Riba finds himself with Julia Piera, a Spanish poet who’s lived in Dublin for two years and is also a friend of Javier and Ricardo and who immediately offers to add them to the list of people who will take their turn to read a section from the book on the little stage. They’re already at the end of chapter five, so the most likely thing is that, thanks to a curious coincidence, they’ll get to read bits from chapter six. Nietzky and Ricardo put their names on the list and are given readings at around half past twelve.

With anxious curiosity, Riba observes all the people dressed up as Leopold Bloom, Molly Bloom, Stephen Dedalus. He’s attaining small degrees of unsuspected happiness. Everything, absolutely everything, seems new to him, and life does too. He thinks the feeling must be similar to that of having traveled to another world. There’s an air of wonderful unreality. Of being somewhere else.

He records everything in a commonplace book he’s bought in a bookshop of the nearby photography gallery and that he’s decided to inaugurate with a list of the things that catch his eye this morning.

A word-for-word account of what he has written down up to now:

A man dressed as the “inner landscape of a skull.”

A wonderful fat girl who thinks she’s Molly Bloom.

The Israeli writer David Grossman, who’s put himself down on the list to read a fragment of
Ulysses.

Bev Dew, the young daughter of the South African ambassador, in a wide-brimmed flowery hat and an ankle-length dress. Very beautiful. Fragrant face. Apple-faced. Accompanied by her laconic and strange brother Walter, a friend of Nietzky’s from school and shadowy owner of the Chrysler.

The poet Amalia Iglesias, who waves to Javier, who was her neighbor years ago in Madrid.

A Portuguese man dressed up as David Hockney!

“Full devotion to funerals!” Nietzky says.

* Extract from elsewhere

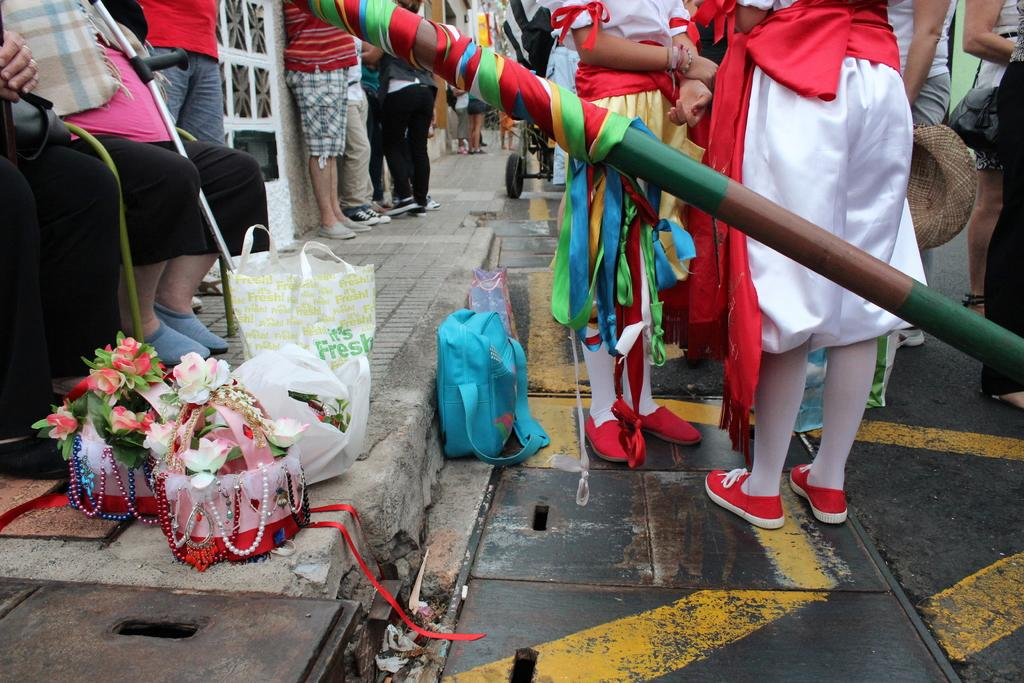What are the people in the image doing? The people in the image are standing on a pavement and sitting on a wall. Can you describe the objects on the footpath? Unfortunately, the provided facts do not give any information about the objects on the footpath. How many people are sitting on the wall? The provided facts do not specify the number of people sitting on the wall. Are there any icicles hanging from the wall in the image? There is no mention of icicles in the provided facts, so we cannot determine if they are present in the image. What thoughts are going through the people's minds in the image? The provided facts do not give any information about the people's thoughts or mental states. Are there any horses visible in the image? There is no mention of horses in the provided facts, so we cannot determine if they are present in the image.

He’s probably been drinking again.

An anonymous, bony figure. To employ a Beckettian description: haughty forehead nose ears white holes mouth white threadlike finished invisible stitching.

Julia Piera again. Sensuality, beauty, vivaciousness.

A few more than obvious ghosts, even one wearing a white sheet. Me, comically reflected in a shop window again.

A sort of Finnish ogre with a straw hat and silver-handled cane.

A man in a raincoat bearing a quite astonishing resemblance to Beckett as a young man.

A Jesuit called Cobble, friend of Nietzky’s, who suddenly stops dead and starts talking in a suspiciously low voice to Amalia Iglesias.

The reading is running conspicuously late, as if from their Irish vantage point they wanted to poke fun at British punctuality. They’re so behind that Nietzky doesn’t take the floor until 1:10 p.m. He reads in a ridiculous, very correct and lilting English. His friend Walter’s sister, however, seems almost moved listening to him. Riba feels unexpectedly jealous, and then this reaction worries him. Extreme beauty, youth. He likes Bev, he can’t deny his arousal, his sudden sexual desire. Above all he likes her voice. In the middle of this sort of euphoria he’s experiencing, in the middle of unexpected levels of happiness, he thinks that maybe Bev reminds him of one of those girls with beautiful, glittering voices from the novels of Scott Fitzgerald: that timbre in which the jingle of coins can be heard, the beautiful cascade of gold in every fairy tale. Yes, he likes Bev, among other things because in some way her glamour brings her closer to New York. Or maybe he just likes her, and that’s it.

Meanwhile, up on the stage, the reading of Joyce’s novel continues. Simon Dedalus, Martin Cunningham, and John Power are already sitting in the hearse and chapter six is trotting along at the same pace as the horses toward Prospect Cemetery.